▸ **Exercise brief**: Your answer must consist of every line from the data below that includes the word "boxes".

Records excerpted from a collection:
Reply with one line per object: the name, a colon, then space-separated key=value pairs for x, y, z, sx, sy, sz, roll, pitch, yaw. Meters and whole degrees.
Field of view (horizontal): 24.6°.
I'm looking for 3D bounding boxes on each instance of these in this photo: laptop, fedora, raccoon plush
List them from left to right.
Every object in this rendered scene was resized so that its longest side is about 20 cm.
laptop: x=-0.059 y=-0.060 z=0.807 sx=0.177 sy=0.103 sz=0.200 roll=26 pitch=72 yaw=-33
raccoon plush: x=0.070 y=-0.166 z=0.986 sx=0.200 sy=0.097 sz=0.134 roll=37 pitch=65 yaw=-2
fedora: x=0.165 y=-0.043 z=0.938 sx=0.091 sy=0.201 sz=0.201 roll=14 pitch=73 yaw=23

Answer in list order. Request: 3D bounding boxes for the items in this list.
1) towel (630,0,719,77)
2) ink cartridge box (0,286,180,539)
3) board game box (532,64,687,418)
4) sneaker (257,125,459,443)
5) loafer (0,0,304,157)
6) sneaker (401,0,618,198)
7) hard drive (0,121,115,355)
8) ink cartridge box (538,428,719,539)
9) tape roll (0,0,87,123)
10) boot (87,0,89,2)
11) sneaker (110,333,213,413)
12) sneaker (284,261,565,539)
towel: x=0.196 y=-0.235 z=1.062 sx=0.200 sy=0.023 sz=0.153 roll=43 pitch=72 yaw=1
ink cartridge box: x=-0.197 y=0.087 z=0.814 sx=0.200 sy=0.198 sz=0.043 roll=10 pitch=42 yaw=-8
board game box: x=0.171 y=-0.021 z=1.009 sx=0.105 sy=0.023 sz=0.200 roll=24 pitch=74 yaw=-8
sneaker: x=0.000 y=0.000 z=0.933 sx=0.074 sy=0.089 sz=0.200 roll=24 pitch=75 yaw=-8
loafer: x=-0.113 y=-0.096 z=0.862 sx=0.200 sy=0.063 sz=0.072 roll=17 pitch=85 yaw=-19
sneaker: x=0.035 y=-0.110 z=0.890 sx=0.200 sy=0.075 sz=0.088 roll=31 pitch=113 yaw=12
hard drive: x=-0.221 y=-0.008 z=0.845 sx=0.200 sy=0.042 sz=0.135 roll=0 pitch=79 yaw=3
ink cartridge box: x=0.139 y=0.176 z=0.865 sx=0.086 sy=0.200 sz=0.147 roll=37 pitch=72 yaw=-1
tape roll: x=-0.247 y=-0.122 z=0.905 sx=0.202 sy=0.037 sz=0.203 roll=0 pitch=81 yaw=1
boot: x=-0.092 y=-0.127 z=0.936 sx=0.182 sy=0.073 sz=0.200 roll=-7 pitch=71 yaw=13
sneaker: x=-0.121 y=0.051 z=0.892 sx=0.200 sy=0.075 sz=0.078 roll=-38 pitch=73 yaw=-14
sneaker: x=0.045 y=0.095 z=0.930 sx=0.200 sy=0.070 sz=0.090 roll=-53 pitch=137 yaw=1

▸ **Result**:
I'm looking for 3D bounding boxes on each instance of these in this photo: laptop, fedora, raccoon plush
Answer in list order. Request: 3D bounding boxes for the items in this list.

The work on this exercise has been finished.